In recent years we saw an increasing interest in internet connected devices and sensors, also called the Internet of Things (IoT) [18]. This led to a plethora of new applications in different domains like smart cities, traffic monitoring, pervasive healthcare, smart energy grids, smart buildings and environmental sensing. The data generated by these IoT devices is a heterogeneous, voluminous, and a possibly noisy or incomplete set of time-varying data elements called data streams. The combination of these characteristics makes it a challenging task to integrate, interpret and process data streams on the fly. Moreover, to create added value out of these data streams, the data must be combined with domain knowledge.

For example, in smart nursing homes and hospital, rooms are equipped with Wireless Sensor Networks (WSNs) monitoring the environment, and patients’ health parameters are monitored by Body Area Networks (BANs). Lots of data events are generated by these sensor networks. To take advantage of the collected streaming data, integration with domain knowledge containing diseases, symptoms and the patient’s Electronic Health Record (EHR) is important. Reasoning on this information can infer new knowledge of the patients’ current condition. Well integrated and aggregated information helps to monitor the patients more closely and allows the nursing resources to operate more efficiently.

Semantic Web technologies like the data model RDFFootnote 1, the ontology language OWLFootnote 2, and the RDF query language SPARQLFootnote 3 allow to represent, integrate, query and reason on heterogeneous data. However, these technologies were developed for static or slow changing data sources. On the other end of the spectrum Data Stream Management Systems (DSMS) and Complex Event Processing (CEP) systems allow to query homogeneous streaming data structured according to a fixed data model. They are not able to deal with heterogeneous data sources and lack support for the integration of domain knowledge. To bridge this gap, stream reasoning has emerged as a challenging research area that focuses on the adoption of Semantic Web technologies for streaming data. Della Valle et al. [7] describes stream reasoning as a high-impact research area with a multidisciplinary approach that can provide the abstractions, foundations, methods, and tools required to integrate data streams, the Semantic Web, and reasoning systems.
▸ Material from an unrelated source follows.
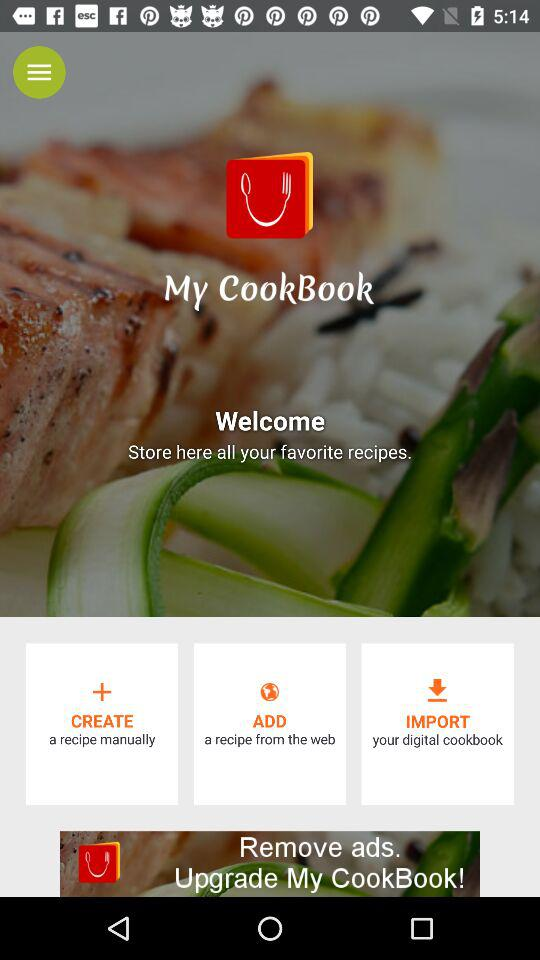What is the application name? The application name is "My CookBook".

As a result of stream reasoning research conducted in the past years, different prototypes of RDF Stream Processing (RSP) engines have been presented. These RSP engines can filter and query RDF data streams, but are not able to deal with complex reasoning tasks. Reasoning over large complex ontologies is computationally intensive and slow compared to the velocity of the data streams. Traditional reasoners, like FaCT++ [19], HermiT [15] and Pellet [16], that have the capabilities of performing such complex OWL 2 DL reasoning tasks are designed to process static or slow evolving data, and are not able to manage frequently changing data streams.

Despite all initiatives taken, stream reasoning is not yet mature and there is a need for algorithms, protocols and approaches that support a scalable, efficient and complex stream reasoning [11].
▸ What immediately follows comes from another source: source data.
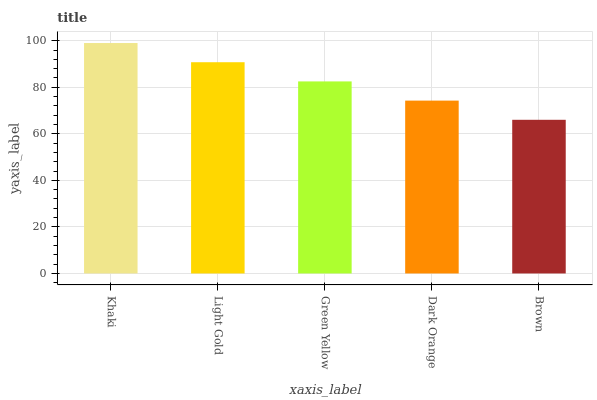Is Brown the minimum?
Answer yes or no. Yes. Is Khaki the maximum?
Answer yes or no. Yes. Is Light Gold the minimum?
Answer yes or no. No. Is Light Gold the maximum?
Answer yes or no. No. Is Khaki greater than Light Gold?
Answer yes or no. Yes. Is Light Gold less than Khaki?
Answer yes or no. Yes. Is Light Gold greater than Khaki?
Answer yes or no. No. Is Khaki less than Light Gold?
Answer yes or no. No. Is Green Yellow the high median?
Answer yes or no. Yes. Is Green Yellow the low median?
Answer yes or no. Yes. Is Light Gold the high median?
Answer yes or no. No. Is Light Gold the low median?
Answer yes or no. No.

The aim of this research is to present a federated context-aware system that integrates adaptive stream processing and complex reasoning. The federated system should exploit context-awareness to bring together low-level stream reasoning and high-level complex reasoning. The low-level stream reasoning should be performed close to the data stream sources while complex reasoning should be performed deeper in the network.

This approach might especially be useful in large scale sensor applications where an effective processing of the event streams is of high importance. By using context information about the environment, irrelevant sensor data can be filtered and only applicable domain knowledge can be take into account for reasoning.

2 State of the Art

Several RSP solutions such as C-SPARQL [4], CQELS [10], EP-SPARQL [2] and SPARQLStream [6], which all mainly focus on stream processing, have been developed in the past years. They extend SPARQL by using proven techniques from DSMSs and CEP systems, namely sliding windows and continuous queries [3]. A continuous query is registered once and produces results continuously over time as the streaming data in the considered window changes.

The prototyped RSP engines enable processing of a continuous flow of data and can provide real-time answers to registered queries. However, each of them has different semantics and targets different scenarios. Steps towards a unifying semantics query model are being taken by the W3C RDF Stream Processing Community GroupFootnote 4.

Other solutions like Sparkwave [9] and INSTANS [14] make use of extensions of the RETE algorithm [8] for pattern matching. With this approach queries are translated into a RETE network through which the data flows. The resulting network consists of a set of nodes which can memorize partial pattern matches in the streaming data.

All RSP engines, with the exception of INSTANS, support integration of domain knowledge in the querying process, but reasoning capabilities are limited (Table 1). None of the proposed systems is able to perform complex OWL 2 DL reasoning on streaming data. C-SPARQL is the only engine supporting full RDFS reasoning using the Jena Rule Engine. EP-SPARQL, that is build around the Prolog engine ETALIS, also supports RDFS reasoning but the domain ontologies have to be converted into Prolog rules and facts in advance. Sparkwave supports an RDFS subset but as for EP-SPARQL preprocessing is necessary. Both, the domain knowledge and the query conditions have to be compiled into nodes of RETE network in advance. SPARQLStream, CQELS and INSTANS do not provide reasoning features.

Table 1. Reasoning support in state of the art RDF Stream Processing solutions

Incremental reasoning helps reasoners to handle streaming data by incrementally maintaining the materialization of the knowledge base. By only considering the data that is subject to change, incremental reasoning tries to avoid re-materializing the complete knowledge base [5, 13]. However, also this approach is subject to limitation and assumptions.

Despite all effort, reasoning capabilities remain limited due to the gap between the changing frequency of streaming data and the computing time demanded by complex reasoning algorithms. Cascading reasoning is a concept presented by Stuckenschmidt et al. [17] to deal with this problem. The aim is to construct a processing hierarchy by exploiting the trade-off between the complexity of the reasoning method and the frequency of the data stream the reasoner is able to handle. At the lower levels of the hierarchy, with high frequency data streams, we focus on filtering to reduce the change frequency. The higher in the hierarchy the more complex reasoning can be applied. This approach helps to avoid feeding high frequency data directly to complex reasoners.

StreamRule [12] is a 2-tier approach combining stream processing with rule-based non-monotonic incremental Answer Set Programming (ASP) to enable the ability of reasoning over data streams. The novelty of this approach is that the size of the input stream towards the reasoner is reduced by the stream processor as the reasoning task becomes more computationally intensive. To allow this a feedback loop from the reasoner towards the stream processing is needed.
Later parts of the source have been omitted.